Exercise directions -
Look through the entries below. Say how many lines include "Horizontal", with nothing added.

Excerpted records -

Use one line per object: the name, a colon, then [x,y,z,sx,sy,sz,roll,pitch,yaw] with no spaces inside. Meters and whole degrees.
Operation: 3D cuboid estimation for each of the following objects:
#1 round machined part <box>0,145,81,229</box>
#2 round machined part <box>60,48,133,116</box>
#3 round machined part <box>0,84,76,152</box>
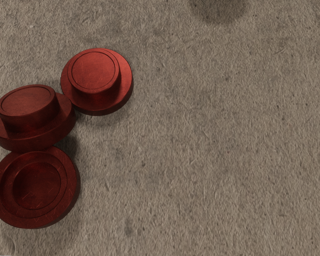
round machined part: [-0.144,0.070,0.372,0.099,0.042,0.098,0,70,-1]
round machined part: [-0.087,-0.069,0.423,0.099,0.042,0.098,0,70,-1]
round machined part: [-0.158,-0.019,0.381,0.099,0.042,0.098,-3,40,2]
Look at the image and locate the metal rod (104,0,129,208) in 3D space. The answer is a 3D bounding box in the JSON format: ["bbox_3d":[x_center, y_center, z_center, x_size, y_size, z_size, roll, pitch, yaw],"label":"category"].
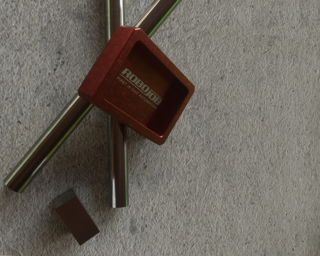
[{"bbox_3d":[-0.055,-0.052,0.389,0.025,0.025,0.298,-1,91,-20],"label":"metal rod"}]

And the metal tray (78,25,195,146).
[{"bbox_3d":[-0.020,-0.044,0.362,0.130,0.030,0.090,36,82,-48],"label":"metal tray"}]

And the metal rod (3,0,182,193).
[{"bbox_3d":[-0.072,-0.051,0.360,0.025,0.025,0.300,40,85,-16],"label":"metal rod"}]

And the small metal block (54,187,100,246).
[{"bbox_3d":[-0.098,0.101,0.360,0.025,0.050,0.050,-33,101,-17],"label":"small metal block"}]
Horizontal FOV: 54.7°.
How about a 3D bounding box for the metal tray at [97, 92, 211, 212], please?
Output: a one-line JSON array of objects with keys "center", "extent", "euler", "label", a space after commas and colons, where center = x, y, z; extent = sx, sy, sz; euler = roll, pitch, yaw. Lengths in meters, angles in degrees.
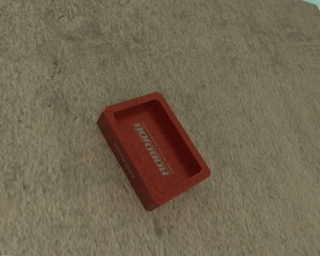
[{"center": [-0.007, 0.024, 0.383], "extent": [0.091, 0.030, 0.130], "euler": [-22, 74, -36], "label": "metal tray"}]
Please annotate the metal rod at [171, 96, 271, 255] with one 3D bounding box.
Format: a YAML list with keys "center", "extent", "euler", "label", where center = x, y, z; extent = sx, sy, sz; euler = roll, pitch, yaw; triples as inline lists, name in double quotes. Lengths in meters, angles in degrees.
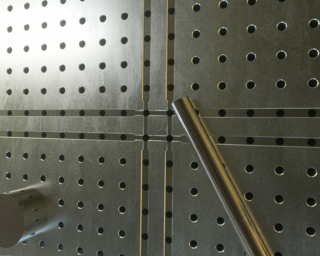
- center: [0.091, 0.097, 0.380]
  extent: [0.025, 0.025, 0.299]
  euler: [-29, 81, 18]
  label: "metal rod"

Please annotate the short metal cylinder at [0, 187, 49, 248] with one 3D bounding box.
- center: [-0.222, 0.136, 0.478]
  extent: [0.080, 0.050, 0.080]
  euler: [0, 90, 20]
  label: "short metal cylinder"
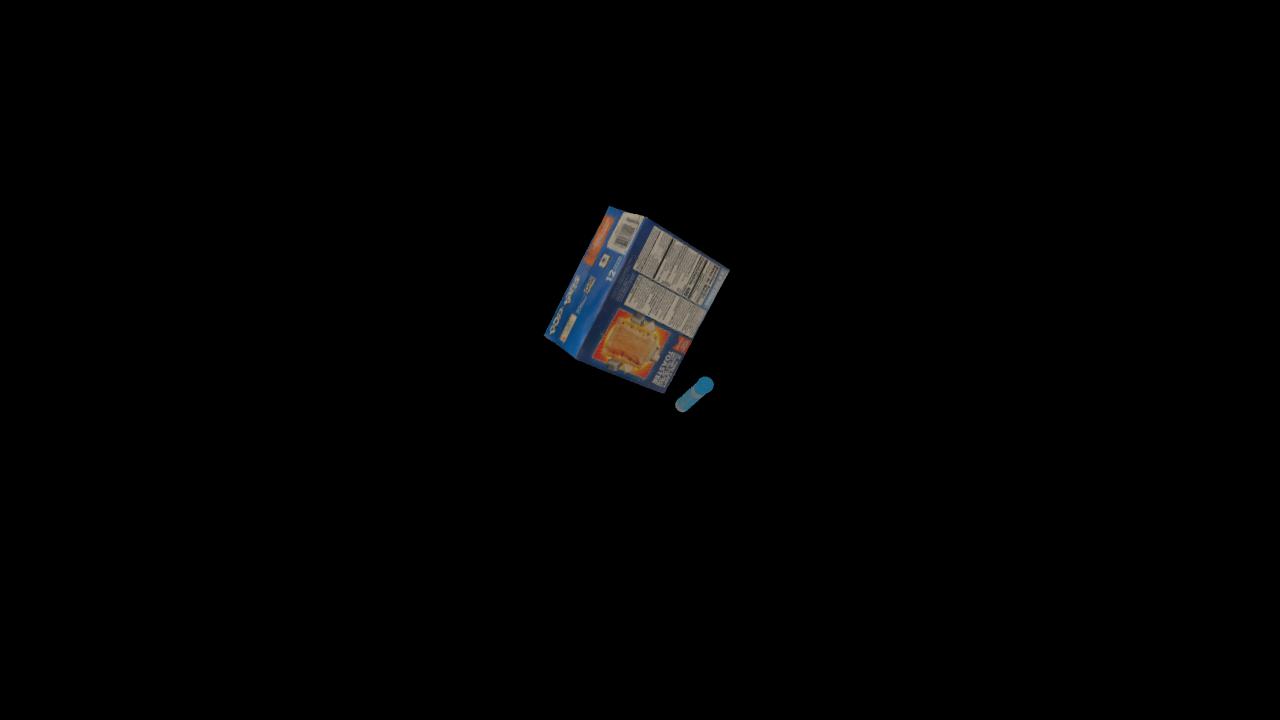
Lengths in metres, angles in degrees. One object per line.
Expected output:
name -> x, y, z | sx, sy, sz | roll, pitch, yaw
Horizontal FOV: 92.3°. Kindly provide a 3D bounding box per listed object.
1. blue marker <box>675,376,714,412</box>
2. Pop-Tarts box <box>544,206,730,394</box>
blue marker -> 0.065, 0.042, 0.743 | 0.020, 0.020, 0.121 | 0, -16, -10
Pop-Tarts box -> -0.003, -0.066, 0.707 | 0.141, 0.167, 0.083 | 23, 8, -39
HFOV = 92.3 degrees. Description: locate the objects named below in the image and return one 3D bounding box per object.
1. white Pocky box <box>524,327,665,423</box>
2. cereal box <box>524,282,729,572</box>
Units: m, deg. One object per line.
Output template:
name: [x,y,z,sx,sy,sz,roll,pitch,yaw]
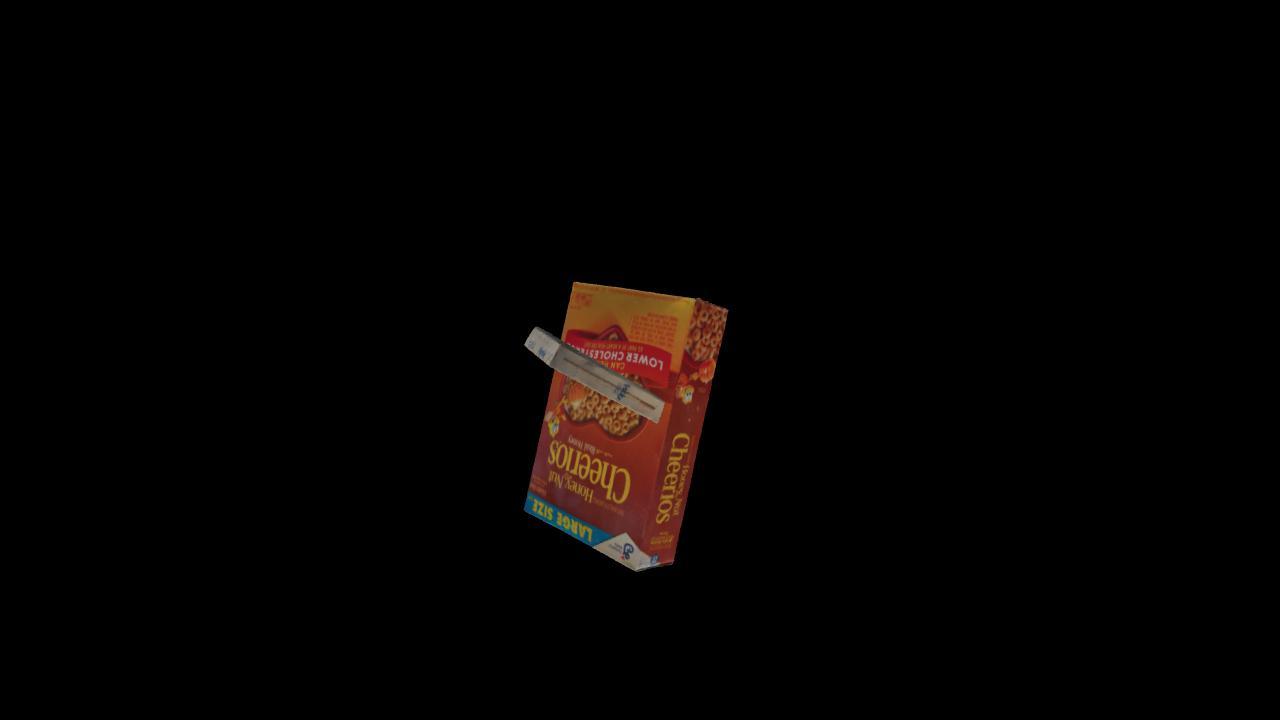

Your solution -
2